This originally appeared on my blog at Bubblews http://www.bubblews.com/news/3257373-the-reluctant-writer
I’ve avoided writing the last few days. I felt like I had nothing of value to say. Do you ever feel like that? You avoid writing like the plague because you’re afraid of being met with a blank screen and a blinking cursor that mocks you as it ticks the seconds of your life away? I did have have a busy couple of days but let’s be honest, I’m even blow smoke up my own ass. Why do we make excuses? Let us just call a spade a spade: “I’m afraid of failing today.” The knowledge that if something unforeseeable were to happen to me today, the last thing people would remember me by would be this piece of crap I’m trying to pass off as a viable modestly written piece of nothingness to be shared without caution in to the vast blogosphere.
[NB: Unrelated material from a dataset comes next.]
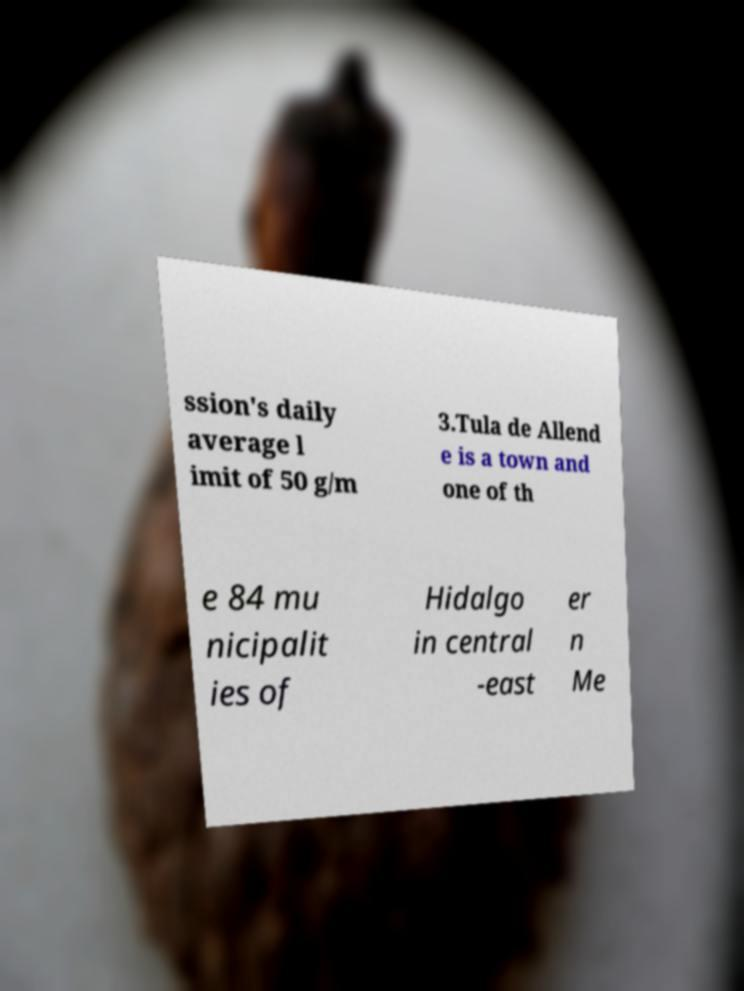Can you read and provide the text displayed in the image?This photo seems to have some interesting text. Can you extract and type it out for me? ssion's daily average l imit of 50 g/m 3.Tula de Allend e is a town and one of th e 84 mu nicipalit ies of Hidalgo in central -east er n Me 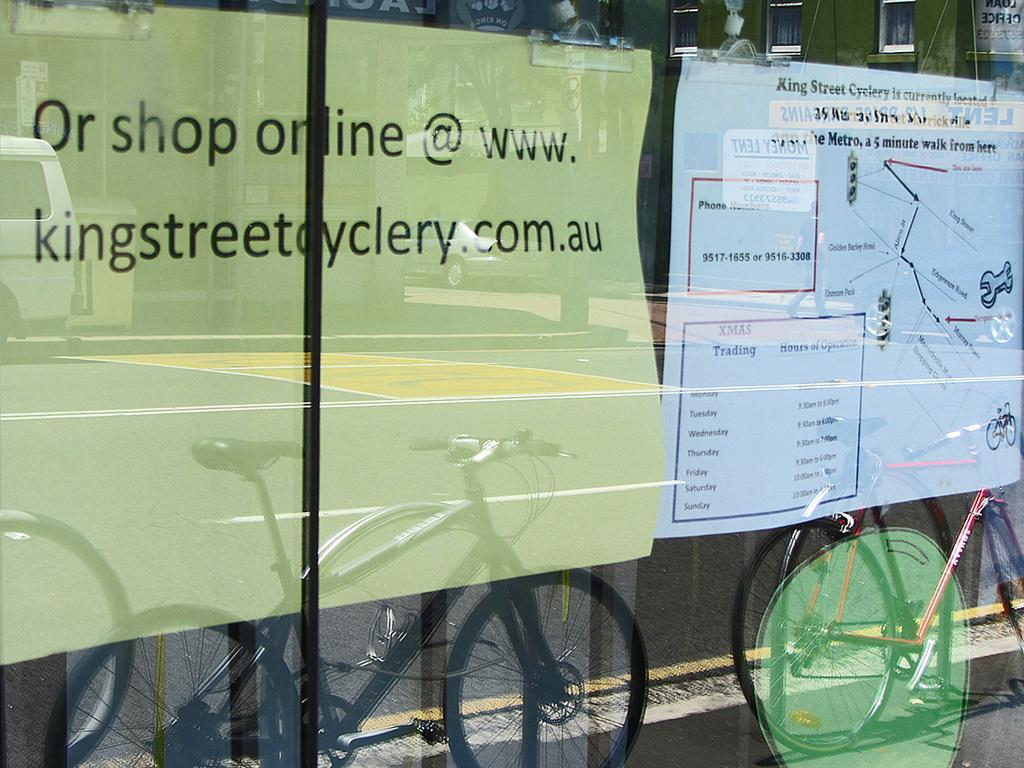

What is this tiny fragment of self doubt that looms over some of us? Is it because I was formula fed rather than breast fed? Because of a lack of security and a solid foundation of confidence growing up? Or is it just plainly my ego surfacing to make me want to represent myself as a strong, intelligent woman? Could it be my weaker alter ego reminding me that I am indeed, “not a unique snow flake”?
I sometimes feel like there’s 2 or 3 different people inside my brain all vying for control over my thoughts and actions. One keeps me down with thoughts of fear and self loathing, one tells me I’m far better than I truly am and one just wants to play with my dogs and forget writing all together.
Maybe it’s fear. Fear of spilling some dark deeply hidden truth about ourselves that we want no one to know. Like it’s possible that some outside entity will force us into revealing some clandestine notion to our peers that would instantly make people hate us. Is it simply this trepidation or possibility that we will indeed reveal too much of ourselves to the outside world.
Whatever the reason may be, I need to take power away from my fears and simply write what I want, however I feel that day, whether it be upbeat, positive and funny or downright depressing and scary.
Do you go through these periods too?